Majorizing Stress Formula Two

Jan de Leeuw
2024-07-26
Abstract:Modifications of the smacof algorithm for multidimensional scaling are proposed that provide a convergent majorization algorithm for Kruskal's stress formula two.
Numerical Analysis,Computation,Machine Learning
What problem does this paper attempt to address?
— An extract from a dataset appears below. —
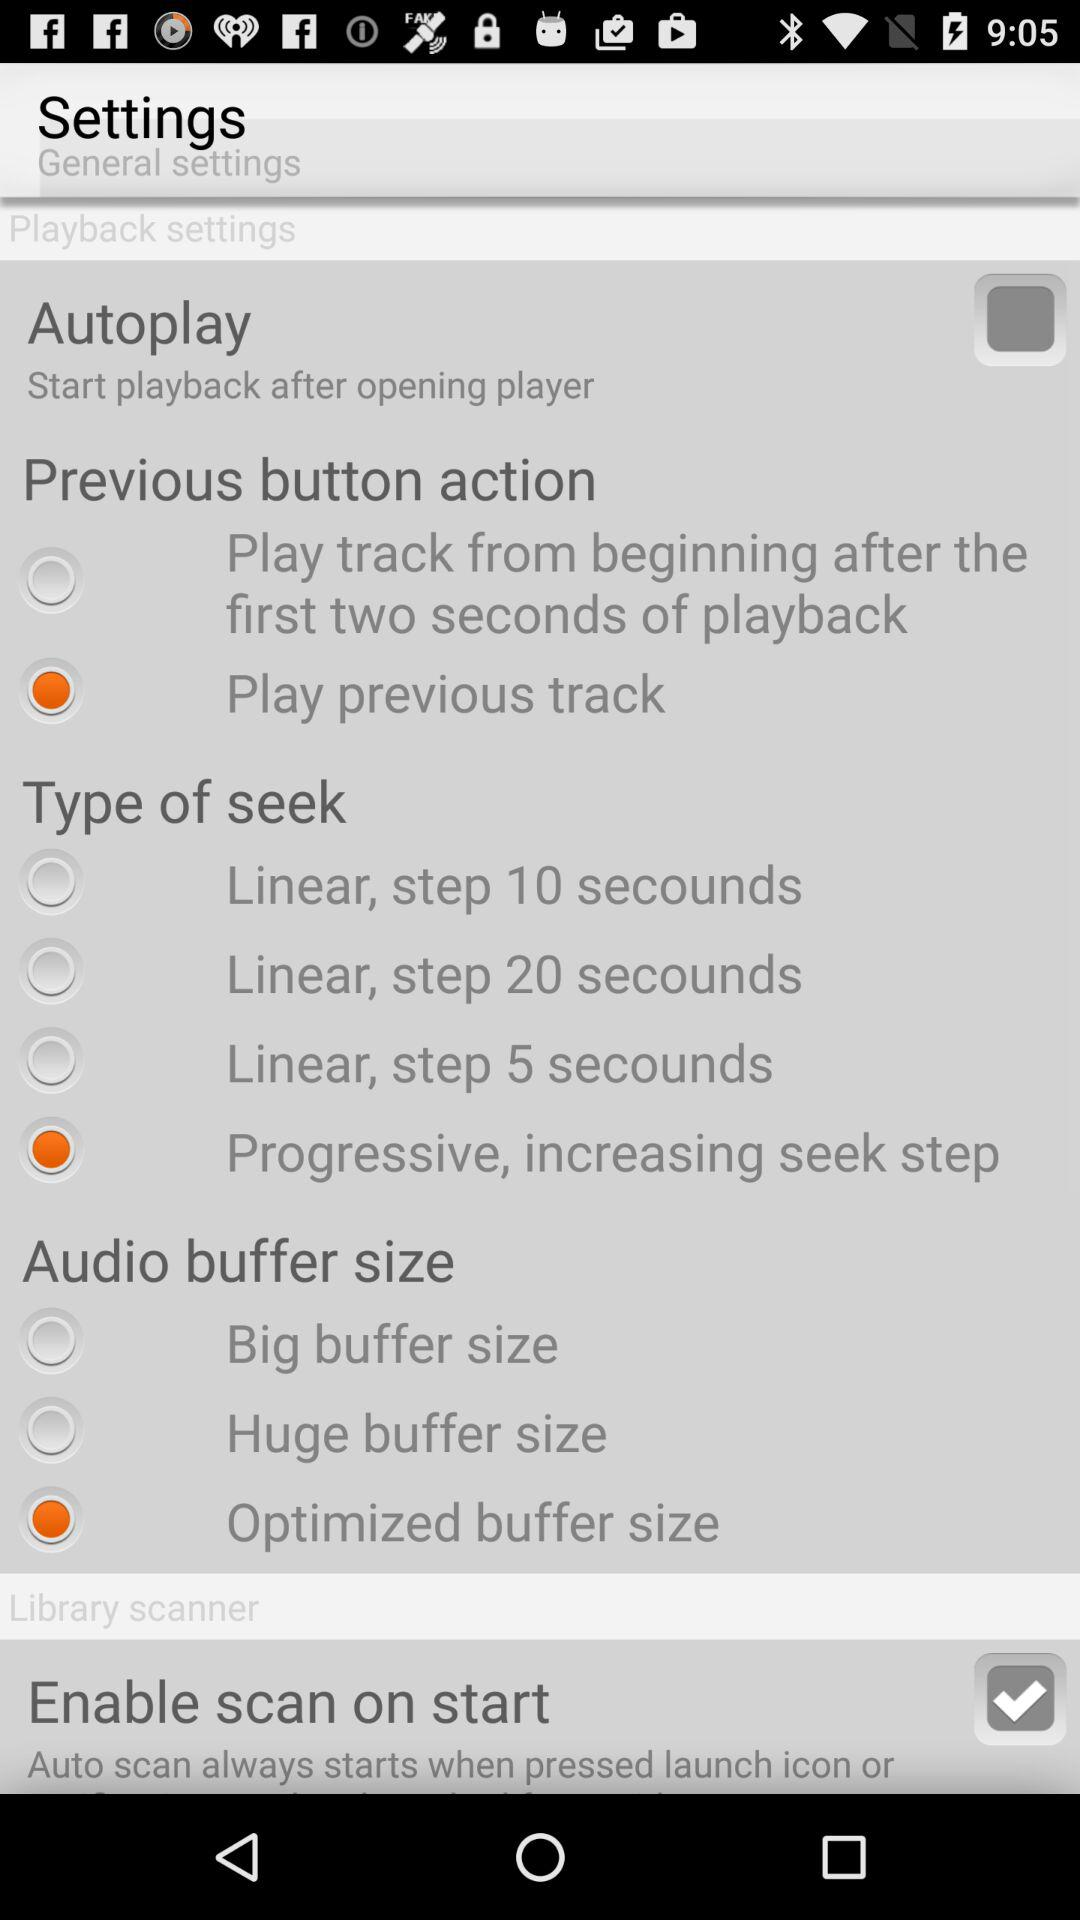Which option is selected in the "Previous button action"? The selected option in the "Previous button action" is "Play previous track".

### What problem does this paper attempt to solve? The main objective of this paper is to propose an improvement to the SMACOF (Scaling by MAjorizing a COmplicated Function) algorithm in order to provide a convergent majorization algorithm for Kruskal's stress formula two. Specifically: 1. **Optimization problems in multidimensional scaling**: - The paper focuses on minimizing Kruskal's stress formula two (σ2) in multidimensional scaling (MDS). MDS is a technique for mapping high - dimensional data to low - dimensional space so that the distances between data points preserve the distance relationships of the original data as much as possible. 2. **Selection of stress formulas**: - Kruskal proposed two stress formulas: stress formula one (σ1) and stress formula two (σ2). Stress formula two is a newer loss function and is considered superior in some cases. - Stress formula two is defined as: \[ \sigma_2(X) := \frac{\sum_{i<j} w_{ij} (\delta_{ij} - d_{ij}(X))^2}{\sum_{i<j} w_{ij} (d_{ij}(X) - d(X))^2} \] where \( d(X) = \sum_{i<j} w_{ij} d_{ij}(X) \). 3. **Improvement of the algorithm**: - The existing non - metric and nonlinear R - implemented SMACOF procedures minimize Kruskal's normalized stress formula one (σ1), but this paper aims to extend the SMACOF theory and algorithm to be applicable to stress formula two (σ2). - An iterative algorithm based on the majorization method is proposed for minimizing stress formula two. This method simplifies the optimization problem by constructing an upper - bound function and ensures the convergence of the algorithm. 4. **Practical applications and comparisons**: - The article demonstrates the effectiveness of the new algorithm through specific examples (such as Ekman color data and De Gruijter Dutch political party similarity data) and compares its results with traditional methods. - The results show that although the minimized configurations of the two stress formulas are very similar, stress formula two may show better performance or different solutions on certain datasets. In summary, this paper aims to improve the performance of multidimensional scaling in processing specific types of data by improving the SMACOF algorithm so that it can effectively minimize stress formula two.